Statistics:- Descriptive statistics, graphical representation of the data, measures of location and variability. Population, sample, parameters.  Point estimation; method of moments, maximum likelihood estimator, unbiasedness, consistency. Confidence intervals for mean, difference of means, proportions.  Testing of hypothesis; Null and alternate hypothesis, Neyman Pearson fundamental lemma, Tests for one sample and two sample problems for normal populations, tests for proportions.

Text book: Introduction to Mathematical Statistics, Seventh Edition, by Robert V. Hogg, J. W. McKean, and Allen T. Craig, Pearson Education, Asia.
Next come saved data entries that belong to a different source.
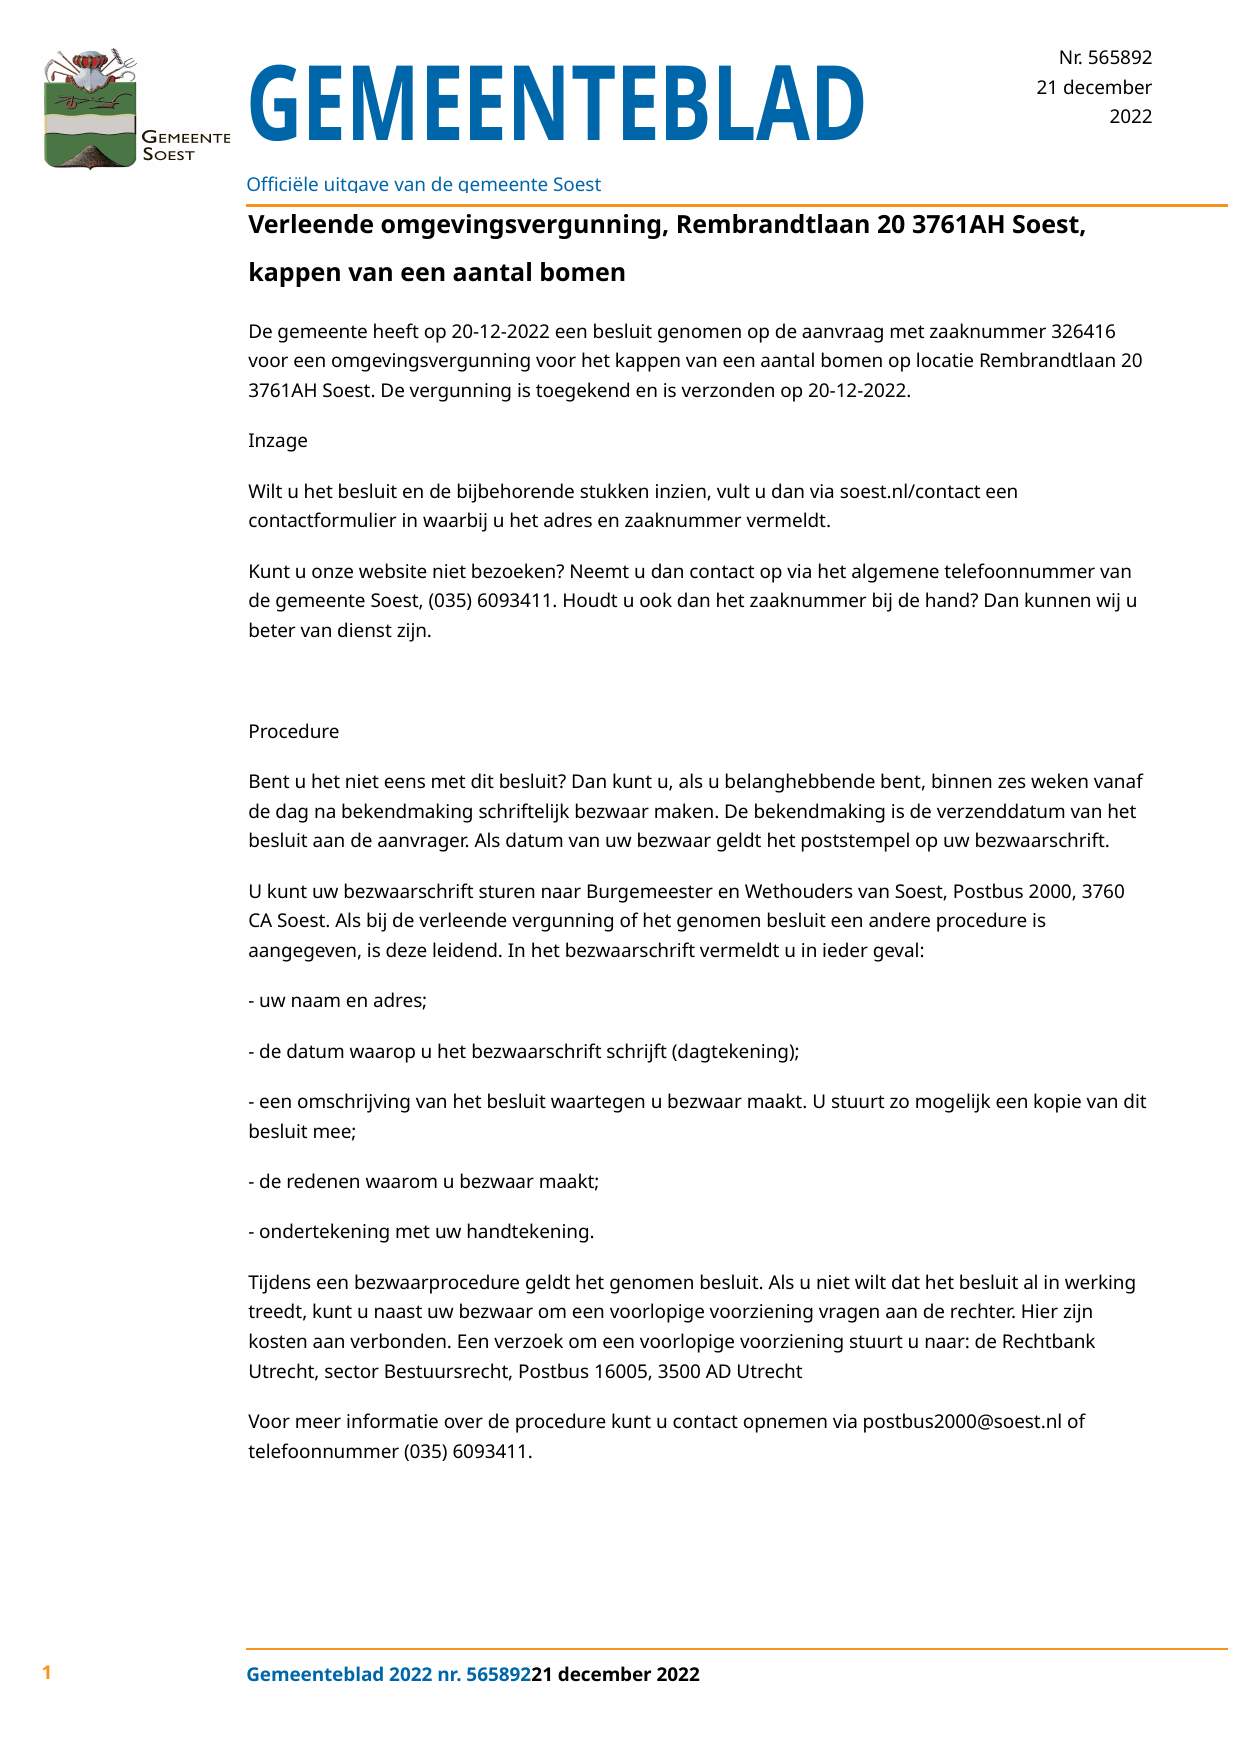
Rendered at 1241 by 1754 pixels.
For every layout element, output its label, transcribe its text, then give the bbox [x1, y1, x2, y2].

text - de datum waarop u het bezwaarschrift schrijft (dagtekening); [248, 1038, 1152, 1064]
text Wilt u het besluit en de bijbehorende stukken inzien, vult u dan via soest.nl/contact een contactformulier in waarbij u het adres en zaaknummer vermeldt. [248, 478, 1152, 533]
text Procedure [248, 718, 1152, 744]
text - een omschrijving van het besluit waartegen u bezwaar maakt. U stuurt zo mogelijk een kopie van dit besluit mee; [248, 1088, 1152, 1144]
text Voor meer informatie over de procedure kunt u contact opnemen via postbus2000@soest.nl of telefoonnummer (035) 6093411. [248, 1408, 1152, 1464]
text Inzage [248, 427, 1152, 453]
text U kunt uw bezwaarschrift sturen naar Burgemeester en Wethouders van Soest, Postbus 2000, 3760 CA Soest. Als bij de verleende vergunning of het genomen besluit een andere procedure is aangegeven, is deze leidend. In het bezwaarschrift vermeldt u in ieder geval: [248, 878, 1152, 963]
text Bent u het niet eens met dit besluit? Dan kunt u, als u belanghebbende bent, binnen zes weken vanaf de dag na bekendmaking schriftelijk bezwaar maken. De bekendmaking is de verzenddatum van het besluit aan de aanvrager. Als datum van uw bezwaar geldt het poststempel op uw bezwaarschrift. [248, 768, 1152, 853]
text - de redenen waarom u bezwaar maakt; [248, 1168, 1152, 1194]
text - uw naam en adres; [248, 987, 1152, 1013]
text Verleende omgevingsvergunning, Rembrandtlaan 20 3761AH Soest, kappen van een aantal bomen [248, 207, 1152, 288]
text Tijdens een bezwaarprocedure geldt het genomen besluit. Als u niet wilt dat het besluit al in werking treedt, kunt u naast uw bezwaar om een voorlopige voorziening vragen aan de rechter. Hier zijn kosten aan verbonden. Een verzoek om een voorlopige voorziening stuurt u naar: de Rechtbank Utrecht, sector Bestuursrecht, Postbus 16005, 3500 AD Utrecht [248, 1269, 1152, 1384]
text De gemeente heeft op 20-12-2022 een besluit genomen op de aanvraag met zaaknummer 326416 voor een omgevingsvergunning voor het kappen van een aantal bomen op locatie Rembrandtlaan 20 3761AH Soest. De vergunning is toegekend en is verzonden op 20-12-2022. [248, 318, 1152, 403]
text Kunt u onze website niet bezoeken? Neemt u dan contact op via het algemene telefoonnummer van de gemeente Soest, (035) 6093411. Houdt u ook dan het zaaknummer bij de hand? Dan kunnen wij u beter van dienst zijn. [248, 558, 1152, 643]
picture [41, 47, 231, 172]
text - ondertekening met uw handtekening. [248, 1219, 1152, 1244]

Academic Performance Evaluation Scheme

Although the policy of relative grading will be followed for awarding the final grades, there is a minimum performance requirement for each grade. These minimum performance requirements are given below:


A* Grade: 85% Marks

A Grade: 70% Marks

B Grade: 55% Marks

C Grade: 40% Marks

D Grade: 30% Marks

E Grade: 20% Marks


Weightages: There will be one mid-semester examination (on 15-02-16 (Monday)), carrying 30% weightage; an end-semester examination (on 18-04-16 (Monday)), carrying 50% weightage; and two quizzes (on 30-01-16 (Saturday) and 02-04-16 (Saturday)), each carrying a weightage of 10%. In addition there is 2% bonus weightage for active participation in the course (answering/asking questions in online discussion forum; Online quizzes, etc.).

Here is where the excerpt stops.